Task description | Your copy of the entries below should hold exactly the lines from the one containing "Convert formula to" to the one containing "i f \quad 0", inclusive, and no pictures.

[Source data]
┌────────

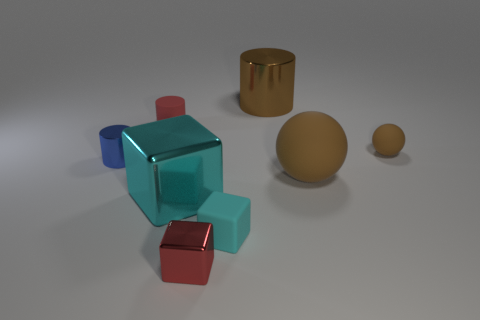Add 2 small matte blocks. How many objects exist? 10 Subtract all blocks. How many objects are left? 5 Add 1 metal things. How many metal things exist? 5 Subtract 1 brown balls. How many objects are left? 7 Subtract all tiny blue shiny things. Subtract all big matte spheres. How many objects are left? 6 Add 5 red things. How many red things are left? 7 
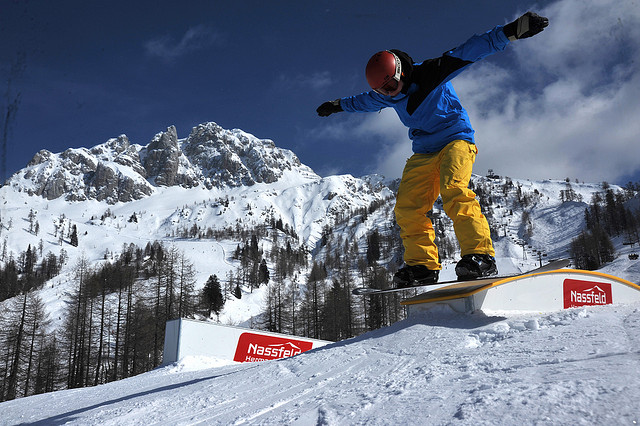What is the historical significance of this snowboarding location? This snowboarding location holds a rich history dating back to the ancient tribes that once called these mountains home. The steep, snow-covered slopes are believed to be enchanted, used for centuries as sacred grounds where warriors would train and compete in trials of endurance and bravery. Over time, the tradition evolved into more modern sports, with adventurous souls flocking here to carve their legacy into the storied peaks. Today, it remains a revered spot for snowboarding enthusiasts, symbolizing a bridge between ancient lore and contemporary athleticism. 
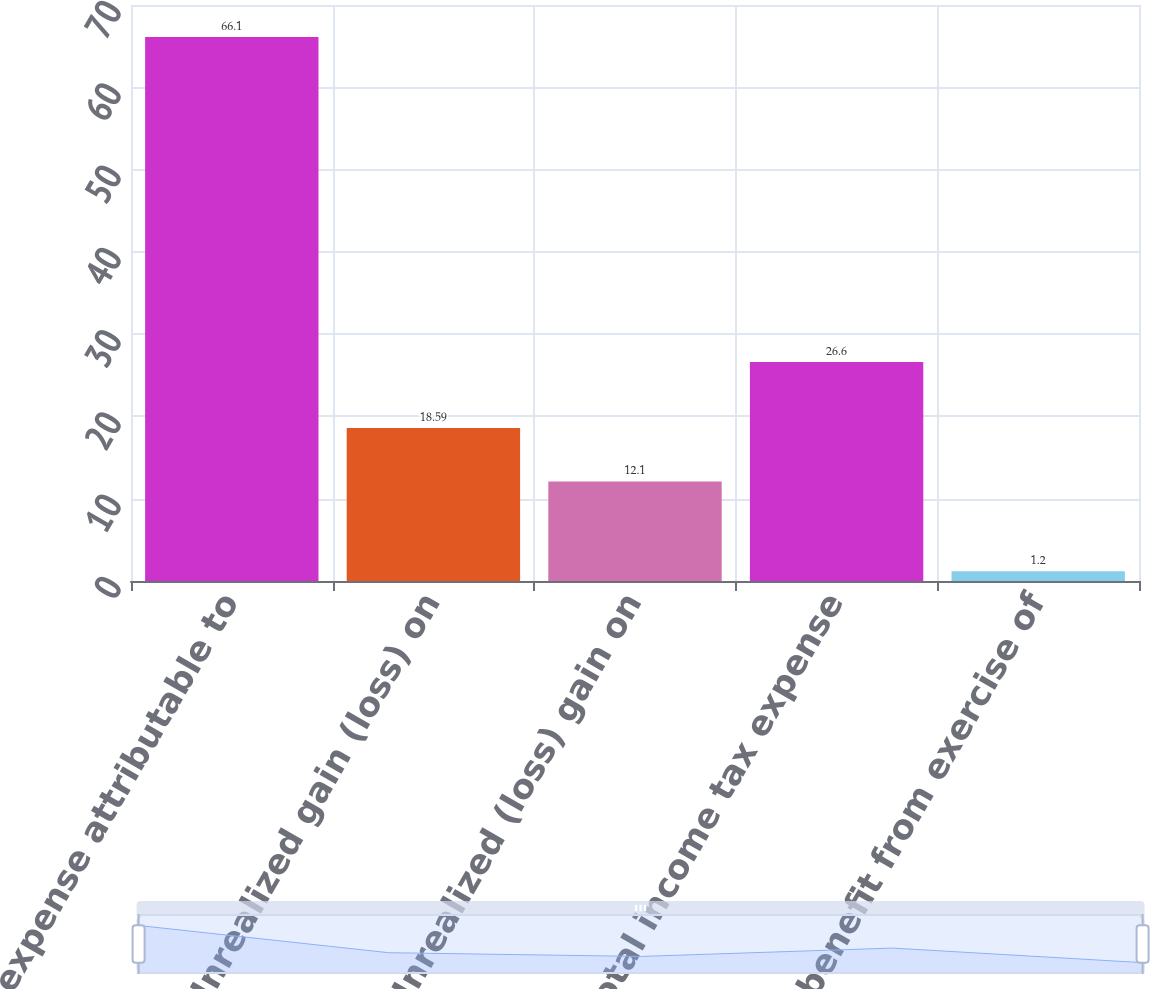<chart> <loc_0><loc_0><loc_500><loc_500><bar_chart><fcel>Tax expense attributable to<fcel>Unrealized gain (loss) on<fcel>Unrealized (loss) gain on<fcel>Total income tax expense<fcel>Tax benefit from exercise of<nl><fcel>66.1<fcel>18.59<fcel>12.1<fcel>26.6<fcel>1.2<nl></chart> 
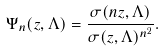Convert formula to latex. <formula><loc_0><loc_0><loc_500><loc_500>\Psi _ { n } ( z , \Lambda ) = \frac { \sigma ( n z , \Lambda ) } { \sigma ( z , \Lambda ) ^ { n ^ { 2 } } } .</formula> 
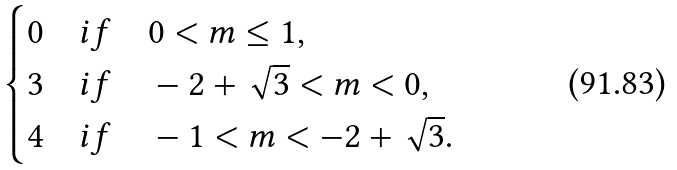<formula> <loc_0><loc_0><loc_500><loc_500>\begin{cases} 0 & i f \quad 0 < m \leq 1 , \\ 3 & i f \quad - 2 + \sqrt { 3 } < m < 0 , \\ 4 & i f \quad - 1 < m < - 2 + \sqrt { 3 } . \end{cases}</formula> 
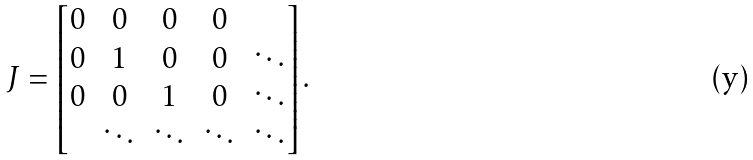<formula> <loc_0><loc_0><loc_500><loc_500>J = \left [ \begin{matrix} 0 & 0 & 0 & 0 & \\ 0 & 1 & 0 & 0 & \ddots \\ 0 & 0 & 1 & 0 & \ddots \\ & \ddots & \ddots & \ddots & \ddots \\ \end{matrix} \right ] .</formula>

└────────

Output of the exercise |
Convert formula to latex. <formula><loc_0><loc_0><loc_500><loc_500>\Psi _ { n } ( z , \Lambda ) = \frac { \sigma ( n z , \Lambda ) } { \sigma ( z , \Lambda ) ^ { n ^ { 2 } } } .</formula> 
<formula> <loc_0><loc_0><loc_500><loc_500>\begin{cases} 0 & i f \quad 0 < m \leq 1 , \\ 3 & i f \quad - 2 + \sqrt { 3 } < m < 0 , \\ 4 & i f \quad - 1 < m < - 2 + \sqrt { 3 } . \end{cases}</formula> 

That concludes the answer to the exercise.